Stored data entries:
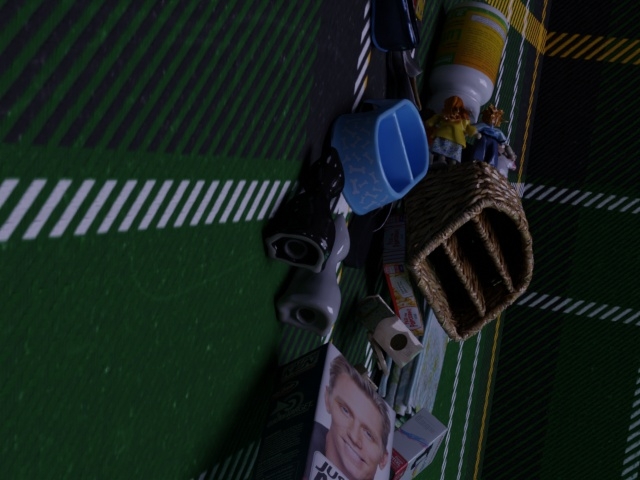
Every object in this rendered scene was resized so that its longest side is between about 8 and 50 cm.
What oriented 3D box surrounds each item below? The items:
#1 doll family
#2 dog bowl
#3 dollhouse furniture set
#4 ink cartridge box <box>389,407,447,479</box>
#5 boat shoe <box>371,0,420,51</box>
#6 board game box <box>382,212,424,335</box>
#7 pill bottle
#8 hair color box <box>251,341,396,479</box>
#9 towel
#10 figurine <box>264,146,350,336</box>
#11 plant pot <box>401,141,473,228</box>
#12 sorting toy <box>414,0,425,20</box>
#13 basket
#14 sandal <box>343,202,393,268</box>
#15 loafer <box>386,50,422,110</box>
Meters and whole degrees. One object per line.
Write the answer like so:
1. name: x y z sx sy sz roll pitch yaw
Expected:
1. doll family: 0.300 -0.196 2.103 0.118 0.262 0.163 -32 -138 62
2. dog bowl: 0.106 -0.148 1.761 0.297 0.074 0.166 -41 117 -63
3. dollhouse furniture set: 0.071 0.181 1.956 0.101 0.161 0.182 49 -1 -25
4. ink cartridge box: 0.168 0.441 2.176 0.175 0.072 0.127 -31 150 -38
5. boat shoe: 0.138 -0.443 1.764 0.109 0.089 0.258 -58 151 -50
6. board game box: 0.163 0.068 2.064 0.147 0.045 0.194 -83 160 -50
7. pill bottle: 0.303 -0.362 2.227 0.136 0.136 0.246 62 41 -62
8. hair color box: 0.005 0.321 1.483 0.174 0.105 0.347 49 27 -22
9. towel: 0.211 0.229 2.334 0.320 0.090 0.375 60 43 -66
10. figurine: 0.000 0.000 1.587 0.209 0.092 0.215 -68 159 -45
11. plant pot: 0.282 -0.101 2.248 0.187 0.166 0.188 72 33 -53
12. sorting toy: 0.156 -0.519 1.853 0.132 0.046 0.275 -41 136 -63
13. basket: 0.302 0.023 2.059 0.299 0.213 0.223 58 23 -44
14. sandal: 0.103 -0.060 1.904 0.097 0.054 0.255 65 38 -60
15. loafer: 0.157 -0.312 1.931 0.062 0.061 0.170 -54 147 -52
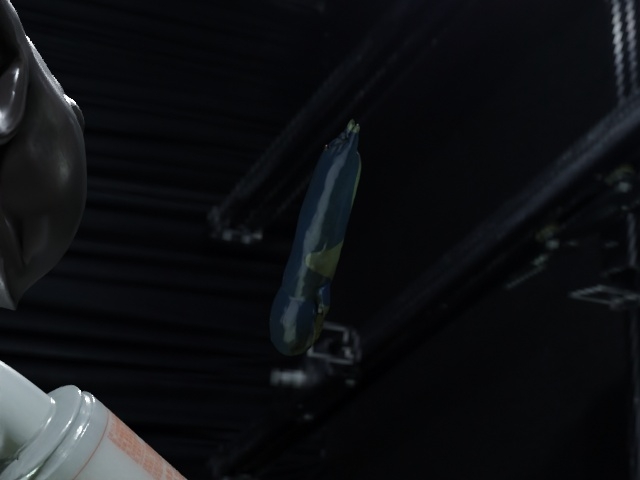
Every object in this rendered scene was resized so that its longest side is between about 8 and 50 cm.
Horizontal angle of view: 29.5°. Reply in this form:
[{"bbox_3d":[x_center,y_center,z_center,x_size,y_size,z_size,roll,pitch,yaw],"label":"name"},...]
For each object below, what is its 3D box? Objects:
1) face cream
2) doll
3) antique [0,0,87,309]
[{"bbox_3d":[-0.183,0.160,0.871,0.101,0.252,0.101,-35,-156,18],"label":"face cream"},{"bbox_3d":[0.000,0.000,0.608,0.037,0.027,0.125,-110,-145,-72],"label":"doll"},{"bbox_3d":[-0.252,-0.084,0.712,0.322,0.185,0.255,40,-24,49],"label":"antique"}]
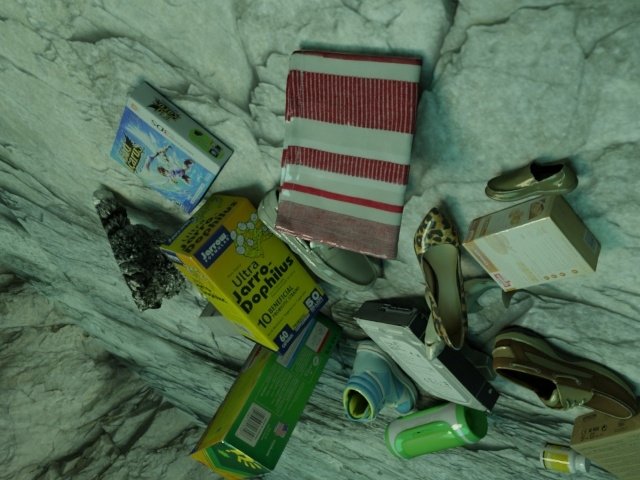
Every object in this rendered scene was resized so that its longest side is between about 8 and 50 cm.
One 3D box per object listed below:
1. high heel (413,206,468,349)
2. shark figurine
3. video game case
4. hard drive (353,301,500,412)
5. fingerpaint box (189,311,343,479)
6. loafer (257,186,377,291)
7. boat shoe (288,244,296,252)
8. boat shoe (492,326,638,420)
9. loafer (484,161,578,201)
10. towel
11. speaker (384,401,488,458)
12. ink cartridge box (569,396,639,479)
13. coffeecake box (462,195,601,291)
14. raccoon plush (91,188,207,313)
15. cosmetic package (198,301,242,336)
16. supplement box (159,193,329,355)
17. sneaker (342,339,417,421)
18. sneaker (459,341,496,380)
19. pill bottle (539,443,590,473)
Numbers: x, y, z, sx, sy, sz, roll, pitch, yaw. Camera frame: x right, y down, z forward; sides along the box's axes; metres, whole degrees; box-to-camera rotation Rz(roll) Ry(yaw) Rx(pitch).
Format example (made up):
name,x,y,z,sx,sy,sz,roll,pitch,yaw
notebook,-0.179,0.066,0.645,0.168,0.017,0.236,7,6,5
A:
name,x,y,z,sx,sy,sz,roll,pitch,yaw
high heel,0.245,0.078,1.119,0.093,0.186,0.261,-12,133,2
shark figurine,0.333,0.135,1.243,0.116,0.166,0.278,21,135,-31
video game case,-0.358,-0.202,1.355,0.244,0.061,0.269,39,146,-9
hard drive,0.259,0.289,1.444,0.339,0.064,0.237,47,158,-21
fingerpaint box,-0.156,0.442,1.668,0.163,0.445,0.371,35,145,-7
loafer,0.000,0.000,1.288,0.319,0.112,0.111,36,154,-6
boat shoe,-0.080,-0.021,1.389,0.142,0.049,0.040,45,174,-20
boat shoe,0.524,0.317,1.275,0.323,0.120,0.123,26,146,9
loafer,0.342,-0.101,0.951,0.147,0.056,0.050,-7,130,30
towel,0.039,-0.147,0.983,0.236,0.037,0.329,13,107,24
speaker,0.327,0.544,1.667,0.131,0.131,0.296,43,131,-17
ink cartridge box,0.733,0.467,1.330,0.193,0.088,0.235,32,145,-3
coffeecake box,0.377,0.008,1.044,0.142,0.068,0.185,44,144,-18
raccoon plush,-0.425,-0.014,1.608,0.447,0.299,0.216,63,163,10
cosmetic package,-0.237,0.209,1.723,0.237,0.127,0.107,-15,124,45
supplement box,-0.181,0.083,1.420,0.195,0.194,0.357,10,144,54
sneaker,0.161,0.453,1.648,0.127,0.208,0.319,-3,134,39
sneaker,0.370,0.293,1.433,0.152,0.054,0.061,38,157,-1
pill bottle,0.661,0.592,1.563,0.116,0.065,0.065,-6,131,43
--
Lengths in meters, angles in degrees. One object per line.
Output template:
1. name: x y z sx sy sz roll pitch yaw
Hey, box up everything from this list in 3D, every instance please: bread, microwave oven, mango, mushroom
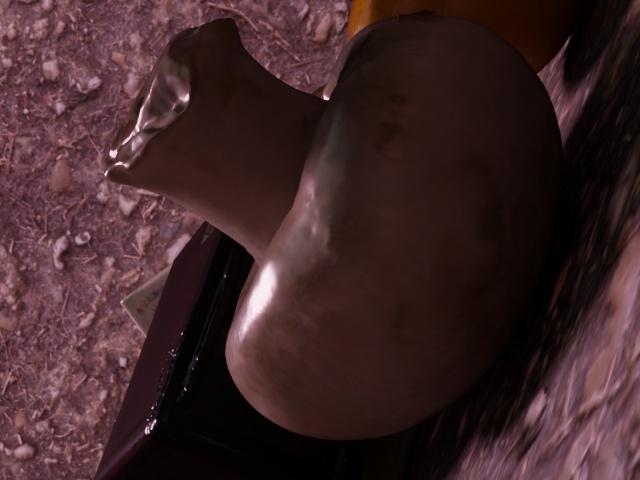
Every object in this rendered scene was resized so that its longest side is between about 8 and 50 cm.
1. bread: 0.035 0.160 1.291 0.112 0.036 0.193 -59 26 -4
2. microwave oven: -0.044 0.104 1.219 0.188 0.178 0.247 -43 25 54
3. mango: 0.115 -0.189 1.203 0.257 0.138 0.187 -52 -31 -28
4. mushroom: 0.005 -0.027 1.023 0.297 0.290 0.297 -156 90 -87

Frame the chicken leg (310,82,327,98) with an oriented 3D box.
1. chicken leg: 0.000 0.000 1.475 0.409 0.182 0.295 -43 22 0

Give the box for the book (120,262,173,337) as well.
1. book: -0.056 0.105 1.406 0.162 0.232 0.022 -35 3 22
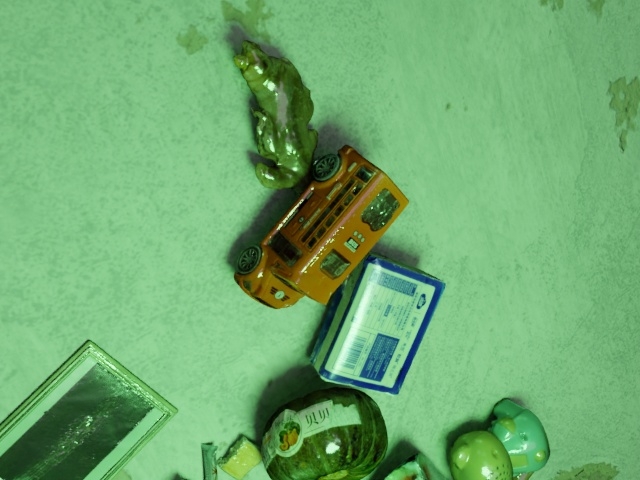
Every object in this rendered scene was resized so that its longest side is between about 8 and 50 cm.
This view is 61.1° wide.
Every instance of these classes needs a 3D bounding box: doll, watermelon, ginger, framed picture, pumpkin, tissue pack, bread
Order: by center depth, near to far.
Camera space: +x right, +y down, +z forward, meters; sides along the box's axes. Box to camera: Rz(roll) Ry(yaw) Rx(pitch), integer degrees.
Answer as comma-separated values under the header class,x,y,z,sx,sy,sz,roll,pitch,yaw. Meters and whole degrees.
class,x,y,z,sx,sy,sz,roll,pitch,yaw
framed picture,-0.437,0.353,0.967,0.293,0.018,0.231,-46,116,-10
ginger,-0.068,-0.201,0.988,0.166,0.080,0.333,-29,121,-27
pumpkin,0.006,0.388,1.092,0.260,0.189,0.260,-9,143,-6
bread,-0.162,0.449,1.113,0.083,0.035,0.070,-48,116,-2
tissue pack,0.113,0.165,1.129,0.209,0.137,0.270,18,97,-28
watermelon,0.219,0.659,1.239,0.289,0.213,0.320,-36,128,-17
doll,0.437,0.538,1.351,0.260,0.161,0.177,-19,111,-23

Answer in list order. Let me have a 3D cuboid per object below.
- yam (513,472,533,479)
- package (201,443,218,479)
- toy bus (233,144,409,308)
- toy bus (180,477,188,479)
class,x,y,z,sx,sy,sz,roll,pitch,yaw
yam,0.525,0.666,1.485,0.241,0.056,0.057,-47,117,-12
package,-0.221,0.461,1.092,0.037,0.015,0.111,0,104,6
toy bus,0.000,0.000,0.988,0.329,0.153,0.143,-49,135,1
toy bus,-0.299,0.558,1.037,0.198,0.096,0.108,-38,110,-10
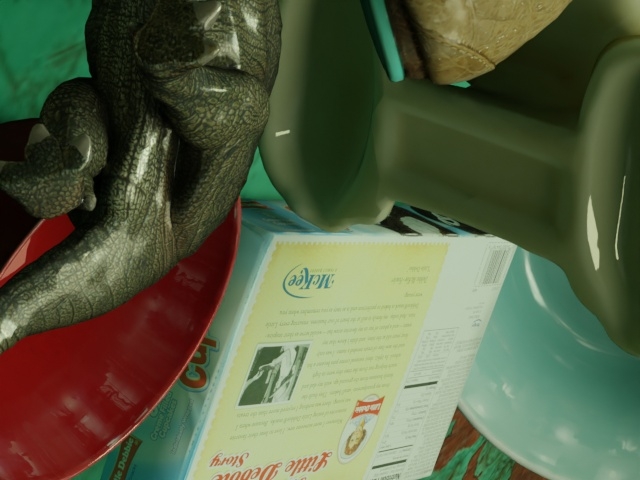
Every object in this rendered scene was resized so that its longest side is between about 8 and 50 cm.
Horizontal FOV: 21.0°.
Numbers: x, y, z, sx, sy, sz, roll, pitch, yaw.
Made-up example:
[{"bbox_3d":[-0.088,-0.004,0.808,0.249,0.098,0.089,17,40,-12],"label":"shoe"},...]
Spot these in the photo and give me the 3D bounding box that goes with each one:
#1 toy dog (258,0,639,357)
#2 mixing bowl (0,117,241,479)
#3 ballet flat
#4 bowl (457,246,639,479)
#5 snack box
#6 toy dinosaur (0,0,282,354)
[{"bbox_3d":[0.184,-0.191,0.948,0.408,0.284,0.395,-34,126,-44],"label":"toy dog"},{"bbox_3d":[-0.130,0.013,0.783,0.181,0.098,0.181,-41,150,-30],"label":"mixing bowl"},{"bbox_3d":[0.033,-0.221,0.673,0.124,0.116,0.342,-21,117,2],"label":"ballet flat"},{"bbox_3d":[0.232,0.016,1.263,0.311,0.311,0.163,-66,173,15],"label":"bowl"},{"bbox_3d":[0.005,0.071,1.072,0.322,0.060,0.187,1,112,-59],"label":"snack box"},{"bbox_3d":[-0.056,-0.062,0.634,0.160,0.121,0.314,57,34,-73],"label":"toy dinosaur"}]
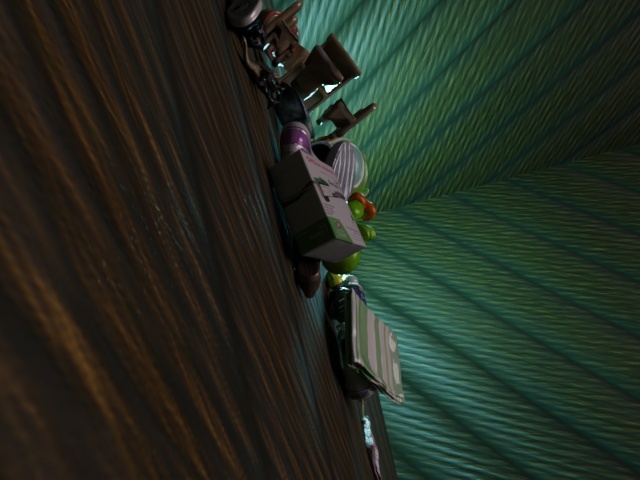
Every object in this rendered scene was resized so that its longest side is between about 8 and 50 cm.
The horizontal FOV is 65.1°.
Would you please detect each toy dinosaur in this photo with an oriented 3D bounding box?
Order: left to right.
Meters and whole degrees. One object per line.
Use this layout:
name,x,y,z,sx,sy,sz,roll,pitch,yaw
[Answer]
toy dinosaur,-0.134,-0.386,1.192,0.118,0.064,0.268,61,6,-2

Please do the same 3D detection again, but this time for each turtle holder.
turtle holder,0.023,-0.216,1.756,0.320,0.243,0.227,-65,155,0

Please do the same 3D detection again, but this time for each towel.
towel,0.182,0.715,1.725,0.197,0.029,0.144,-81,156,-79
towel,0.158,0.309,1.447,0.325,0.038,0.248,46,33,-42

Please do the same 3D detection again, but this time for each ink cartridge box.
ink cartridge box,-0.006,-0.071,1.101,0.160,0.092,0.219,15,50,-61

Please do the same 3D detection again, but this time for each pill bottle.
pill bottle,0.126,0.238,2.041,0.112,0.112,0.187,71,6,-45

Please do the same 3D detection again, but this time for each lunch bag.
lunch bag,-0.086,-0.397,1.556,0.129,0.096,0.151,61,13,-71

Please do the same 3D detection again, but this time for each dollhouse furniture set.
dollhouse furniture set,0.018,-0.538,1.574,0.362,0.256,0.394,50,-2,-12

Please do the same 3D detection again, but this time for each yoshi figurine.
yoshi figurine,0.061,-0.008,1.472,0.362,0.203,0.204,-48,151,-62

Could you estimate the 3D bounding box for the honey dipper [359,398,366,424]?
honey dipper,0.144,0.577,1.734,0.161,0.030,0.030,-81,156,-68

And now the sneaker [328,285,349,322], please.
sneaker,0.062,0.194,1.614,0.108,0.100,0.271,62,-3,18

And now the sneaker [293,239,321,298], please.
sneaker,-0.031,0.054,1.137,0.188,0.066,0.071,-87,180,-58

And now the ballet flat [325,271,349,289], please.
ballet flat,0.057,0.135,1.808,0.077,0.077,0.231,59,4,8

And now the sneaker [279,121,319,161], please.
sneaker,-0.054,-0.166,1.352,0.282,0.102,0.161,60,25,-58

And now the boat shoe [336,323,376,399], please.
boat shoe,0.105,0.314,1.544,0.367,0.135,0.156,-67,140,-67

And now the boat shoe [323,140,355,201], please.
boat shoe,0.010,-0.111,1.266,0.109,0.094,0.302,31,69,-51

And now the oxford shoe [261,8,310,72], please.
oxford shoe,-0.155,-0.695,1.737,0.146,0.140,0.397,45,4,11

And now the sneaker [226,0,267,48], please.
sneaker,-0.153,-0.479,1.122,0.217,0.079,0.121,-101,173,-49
...
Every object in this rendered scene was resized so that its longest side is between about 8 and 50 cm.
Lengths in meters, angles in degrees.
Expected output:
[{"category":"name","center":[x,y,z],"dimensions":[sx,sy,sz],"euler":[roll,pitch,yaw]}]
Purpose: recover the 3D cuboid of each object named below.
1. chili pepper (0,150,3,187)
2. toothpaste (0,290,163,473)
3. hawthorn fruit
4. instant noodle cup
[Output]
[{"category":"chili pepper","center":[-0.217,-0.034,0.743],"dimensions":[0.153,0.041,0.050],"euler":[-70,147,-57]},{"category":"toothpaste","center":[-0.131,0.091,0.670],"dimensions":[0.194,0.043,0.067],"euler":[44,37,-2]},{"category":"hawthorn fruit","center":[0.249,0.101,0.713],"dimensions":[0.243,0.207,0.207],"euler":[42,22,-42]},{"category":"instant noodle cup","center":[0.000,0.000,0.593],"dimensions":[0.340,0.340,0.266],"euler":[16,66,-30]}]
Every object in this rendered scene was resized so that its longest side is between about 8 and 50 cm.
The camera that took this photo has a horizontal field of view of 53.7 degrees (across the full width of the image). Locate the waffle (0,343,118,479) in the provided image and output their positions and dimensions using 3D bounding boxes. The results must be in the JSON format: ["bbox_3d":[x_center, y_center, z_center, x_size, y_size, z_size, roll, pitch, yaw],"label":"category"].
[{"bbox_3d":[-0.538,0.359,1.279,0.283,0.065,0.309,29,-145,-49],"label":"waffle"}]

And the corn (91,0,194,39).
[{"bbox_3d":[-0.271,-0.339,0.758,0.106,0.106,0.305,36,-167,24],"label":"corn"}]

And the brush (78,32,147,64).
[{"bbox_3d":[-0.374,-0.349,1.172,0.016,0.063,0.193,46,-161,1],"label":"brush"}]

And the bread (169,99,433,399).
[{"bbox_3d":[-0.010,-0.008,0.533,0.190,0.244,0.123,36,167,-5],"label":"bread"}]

§ **Directions for this task**
What lines of the data include the word "down"? Copy each of them.

§ **Answer box**
Numbers: x, y, z, sx, sy, sz, roll, pitch, yaw. Camera frame: x right, y down, z forward; sides along the box's axes; metres, whole degrees; box-to-camera rotation Rz(roll) Ry(yaw) Rx(pitch).
Camera space: +x right, +y down, +z forward, meters; sides along the box's axes. Box to camera: Rz(roll) Ry(yaw) Rx(pitch), integer degrees.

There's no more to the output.